Menyempurnakan percobaan Spallanzani dengan membuat tabung dan ditutrup dengan tabung berbentuk leher angsa,sehingga udara masih dapat masuk ke dalam tabung.Tabung dipanaskan dan didiamkan sampai beberapa hari,ternyata tidak berubah warna.Berarti,tidak ada kehidupan sebelumnya.sehingga menyebabkan teori Spontanea Tumbang.

Teori tentang asal-usul kehidupan yang pernah disusun oleh para ahli di antaranya:

1. Kehidupan diciptakan oleh zat supranatural (ghalib) pada saat istimewa (teori kreasi khas)
2. Kehidupan muncul dari benda tak hidup pada berbagai kesempatan (teori generatio spontanea)
3. Kehidupan tidak berasal-usul (keadaan mantap)
4. Kehidupan datang di planet ini dari mana saja (teori kosmozoan)
5. Kehidupan muncul berdasar hukum fisika-kimia (evolusi biokimia)

Teori Abiogenesis pelopornya adalah seorang ahli filsafat zaman Yunani Kuno Aristoteles (384-322 SM) yang berpendapat bahwa makhluk hidup terjadi begitu saja pendapat ini masih terus bertahan sampai abad kc 17 -18 Anthony van Leenwenhoek (abad ke 18) berhasil membuat mikroskop dan melihat jasad renik di dalam air bekas rendaman jerami penemuan Leeuwenhoek (salah seorang penganut teori abiogenesis) memperkuat teori generatio spontanea teori terbukti makhluk hidup berasal dari benda mati (jasad renik berasal dari air bekas rendaman jerarni).

Beberapa ahli berusaha mengadakan penelitian untuk menyangkal teori generatio spontanea antara lain Franscesco Redi, Spallanzani dan Louis Pasteur.

Percobaan Redi dan Spallanzani masih belum dapat menumbangkan teori generatio spontanea karena menurut pendapat para pendukung teori tersebut bahwa untuk dapat timbul kehidupan secara spontan dari benda mati diperlukan gaya hidup dan gaya hidup pada percobaan Spallanzani dan Redi tidak dapat melakukan fungsinya karena stoples dan labu percobaan tersumbat rapat-rapat.

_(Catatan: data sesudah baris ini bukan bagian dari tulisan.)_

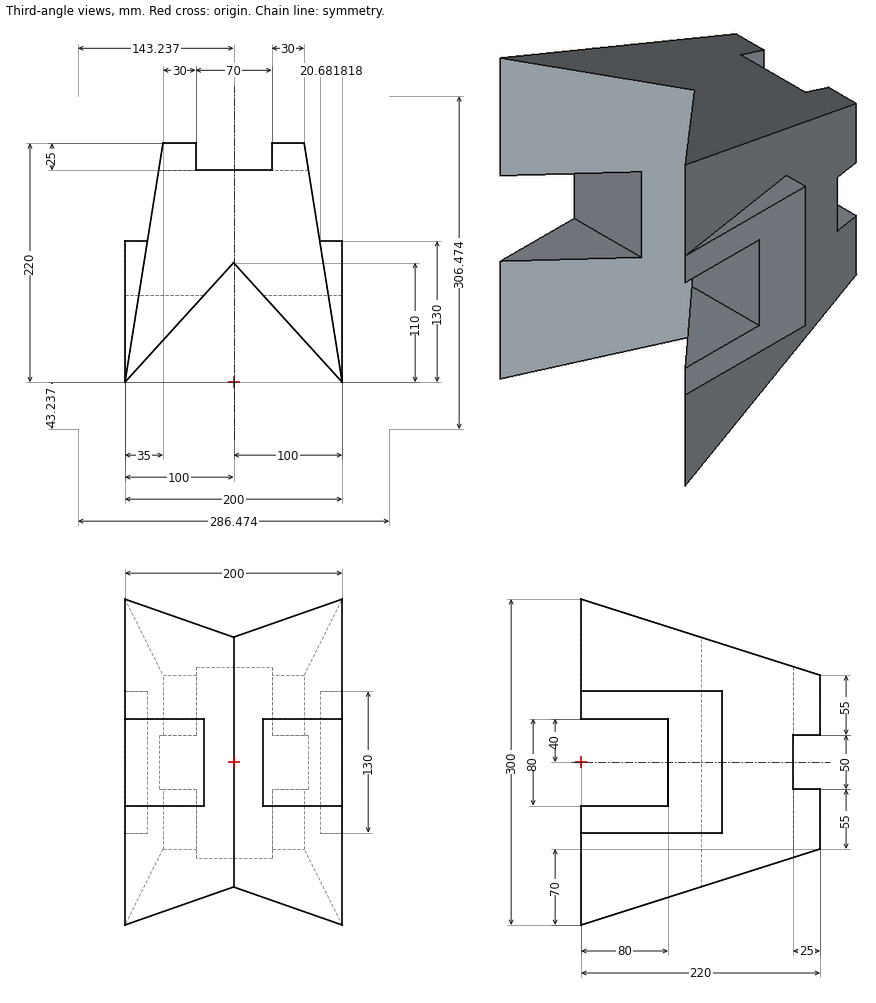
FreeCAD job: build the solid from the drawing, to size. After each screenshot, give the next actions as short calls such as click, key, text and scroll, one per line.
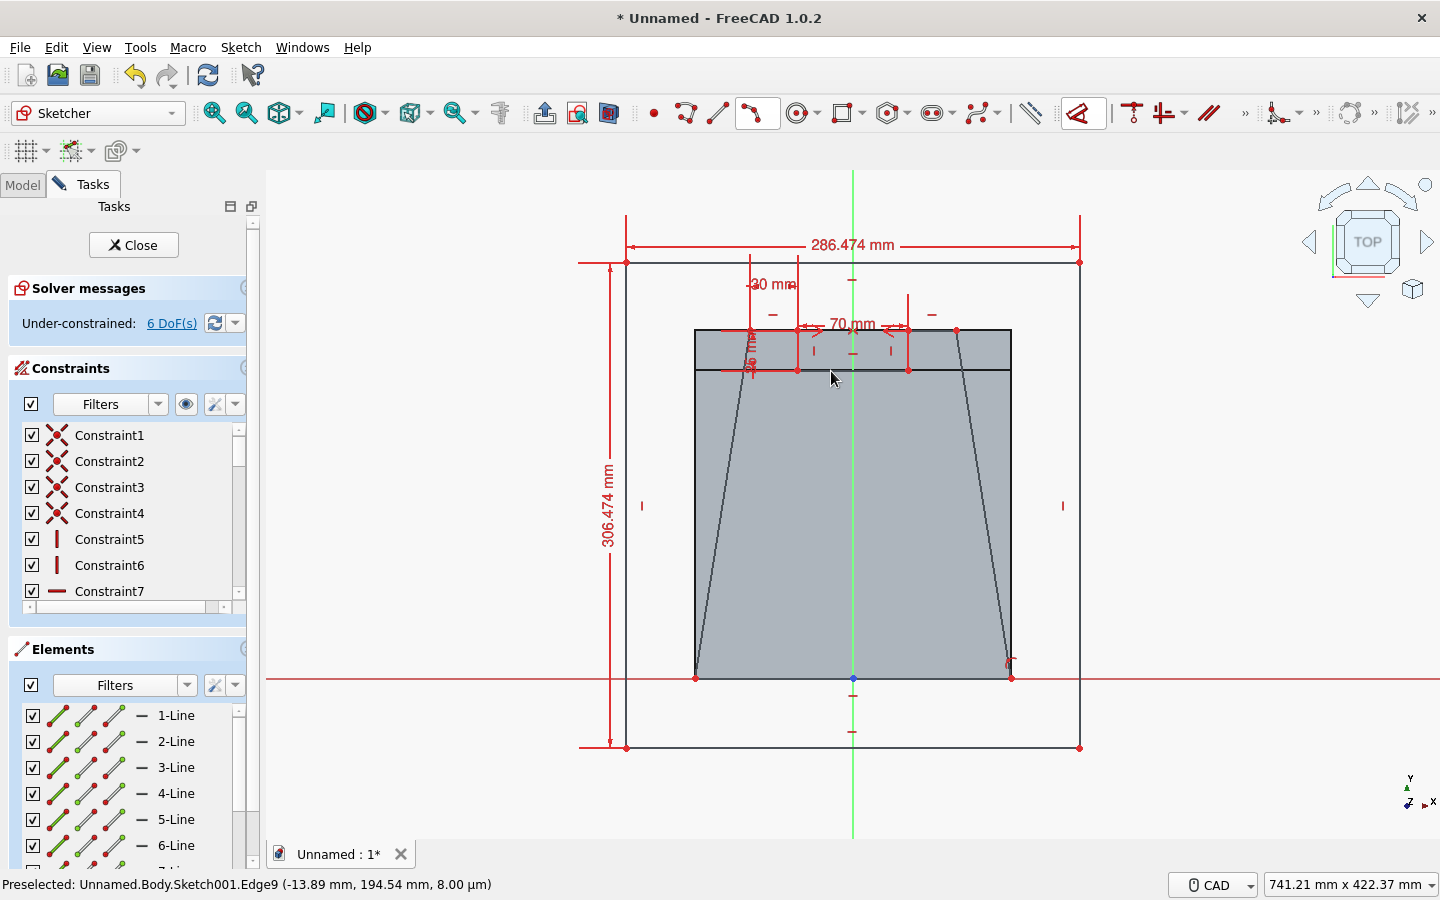
click(923, 331)

Pasteur mencoba memperbaiki percobaan Spallanzani dengan menggunakan tabung kaca berbentuk leher angsa atau huruf S untuk menutup labu walaupun labu tersumbat udara sebagai “sumber gaya hidup” dapat masuk ke dalam labu. Dengan percobaan ini Pasteur berhasil menumbangkan teori generatio spontanea

Evolusi Kimia

Menerangkan bahwa terbentuknya senyawa organik terjadi secara bertahap dimulai dari bereaksinya bahan-bahan anorganik yang terdapat di dalam atmosfer primitif dengan energi halilintar membentuk senyawa-senyawa organik kompleks.

Miller memasukkan gas H2, CH4 (metan), NH3 (amonia) dan air ke dalam alat. Air dipanasi sehingga uap air bercampur dengan gas-gas tadi. Sebagai sumber energi yang bertindak sebagai “halilintar” agar gas-gas dan uap air bereaksi, digunakan lecutan aliran listrik tegangan tinggi. Ternyata timbul reaksi, terbentuk senyawa-senyawa organik seperti asam amino, adenin dan gula sederhana seperti ribosa.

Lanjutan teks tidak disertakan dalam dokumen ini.